- WORK ORDER
Which lines in the data below contain the word "game"? Pull each of them out.
*** DATASET EXCERPTS ***
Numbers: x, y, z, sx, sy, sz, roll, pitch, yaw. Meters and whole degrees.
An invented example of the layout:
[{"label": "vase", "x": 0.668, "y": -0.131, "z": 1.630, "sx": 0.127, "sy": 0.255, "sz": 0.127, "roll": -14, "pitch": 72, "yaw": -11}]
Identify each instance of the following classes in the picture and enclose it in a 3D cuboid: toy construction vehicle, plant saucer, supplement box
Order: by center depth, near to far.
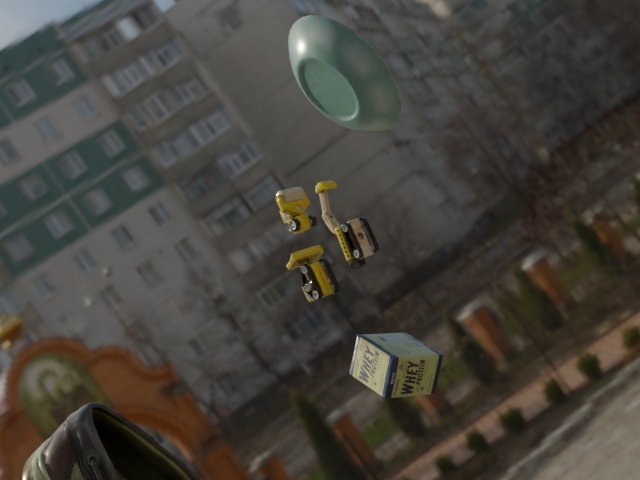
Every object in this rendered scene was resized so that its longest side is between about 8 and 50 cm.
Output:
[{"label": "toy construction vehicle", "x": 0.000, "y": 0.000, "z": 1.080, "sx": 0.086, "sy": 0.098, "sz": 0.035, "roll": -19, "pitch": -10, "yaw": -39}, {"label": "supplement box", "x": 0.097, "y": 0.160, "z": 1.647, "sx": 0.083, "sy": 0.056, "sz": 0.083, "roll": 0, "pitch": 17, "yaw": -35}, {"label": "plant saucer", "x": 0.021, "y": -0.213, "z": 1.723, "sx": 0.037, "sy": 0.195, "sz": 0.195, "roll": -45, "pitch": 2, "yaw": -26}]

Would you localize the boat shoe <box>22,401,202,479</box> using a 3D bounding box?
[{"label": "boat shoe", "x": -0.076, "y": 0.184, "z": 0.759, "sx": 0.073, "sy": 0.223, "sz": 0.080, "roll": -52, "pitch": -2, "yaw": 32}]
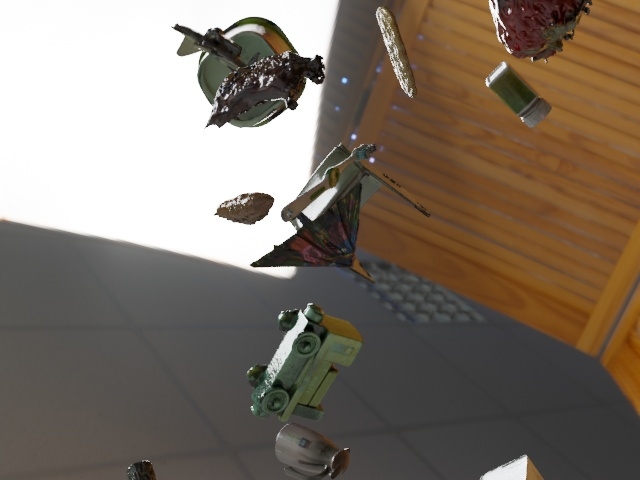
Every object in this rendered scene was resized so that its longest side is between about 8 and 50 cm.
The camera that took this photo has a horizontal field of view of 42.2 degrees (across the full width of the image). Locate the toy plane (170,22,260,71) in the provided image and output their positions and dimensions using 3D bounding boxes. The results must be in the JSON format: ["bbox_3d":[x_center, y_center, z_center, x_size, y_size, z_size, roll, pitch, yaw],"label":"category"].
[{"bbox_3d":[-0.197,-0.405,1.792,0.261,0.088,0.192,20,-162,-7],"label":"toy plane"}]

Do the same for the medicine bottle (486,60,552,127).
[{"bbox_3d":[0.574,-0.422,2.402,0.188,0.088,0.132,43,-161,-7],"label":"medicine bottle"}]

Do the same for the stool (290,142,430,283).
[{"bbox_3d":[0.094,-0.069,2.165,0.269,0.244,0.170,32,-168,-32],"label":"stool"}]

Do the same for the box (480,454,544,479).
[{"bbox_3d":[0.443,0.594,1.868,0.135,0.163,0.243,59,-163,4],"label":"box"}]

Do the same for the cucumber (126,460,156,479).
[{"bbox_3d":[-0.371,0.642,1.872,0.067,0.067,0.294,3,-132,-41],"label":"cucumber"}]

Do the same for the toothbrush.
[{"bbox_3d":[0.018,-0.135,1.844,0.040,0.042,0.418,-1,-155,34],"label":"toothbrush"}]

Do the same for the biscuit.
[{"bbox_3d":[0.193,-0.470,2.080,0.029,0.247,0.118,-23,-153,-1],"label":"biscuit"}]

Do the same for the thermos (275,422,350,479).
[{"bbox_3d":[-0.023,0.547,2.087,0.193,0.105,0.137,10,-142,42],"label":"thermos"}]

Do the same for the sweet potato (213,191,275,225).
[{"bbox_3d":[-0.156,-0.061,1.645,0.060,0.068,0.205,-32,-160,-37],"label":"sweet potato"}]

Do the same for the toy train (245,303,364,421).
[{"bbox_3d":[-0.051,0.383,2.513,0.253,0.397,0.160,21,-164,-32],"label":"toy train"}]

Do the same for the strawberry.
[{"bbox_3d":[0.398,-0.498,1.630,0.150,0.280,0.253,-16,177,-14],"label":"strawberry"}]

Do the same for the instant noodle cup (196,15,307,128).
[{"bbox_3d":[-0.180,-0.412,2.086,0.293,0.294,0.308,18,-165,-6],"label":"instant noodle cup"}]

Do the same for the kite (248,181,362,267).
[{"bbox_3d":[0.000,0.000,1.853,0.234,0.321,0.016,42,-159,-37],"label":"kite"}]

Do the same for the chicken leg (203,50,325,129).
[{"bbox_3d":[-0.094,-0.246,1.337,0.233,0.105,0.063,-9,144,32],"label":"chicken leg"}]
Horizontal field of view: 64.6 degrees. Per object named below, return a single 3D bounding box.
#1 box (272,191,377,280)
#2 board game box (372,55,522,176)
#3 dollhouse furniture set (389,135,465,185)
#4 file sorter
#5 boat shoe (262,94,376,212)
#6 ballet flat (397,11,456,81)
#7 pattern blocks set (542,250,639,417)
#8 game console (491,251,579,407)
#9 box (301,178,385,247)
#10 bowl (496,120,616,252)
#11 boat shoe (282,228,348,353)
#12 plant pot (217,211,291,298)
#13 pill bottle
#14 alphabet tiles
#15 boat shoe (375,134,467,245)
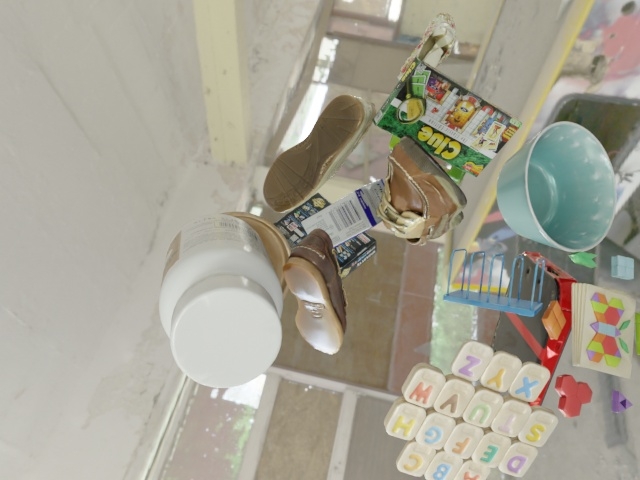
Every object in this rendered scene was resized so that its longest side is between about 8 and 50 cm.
*** End of DATASET EXCERPTS ***
- EXERCISE OUTPUT
#2 board game box (372,55,522,176)
#8 game console (491,251,579,407)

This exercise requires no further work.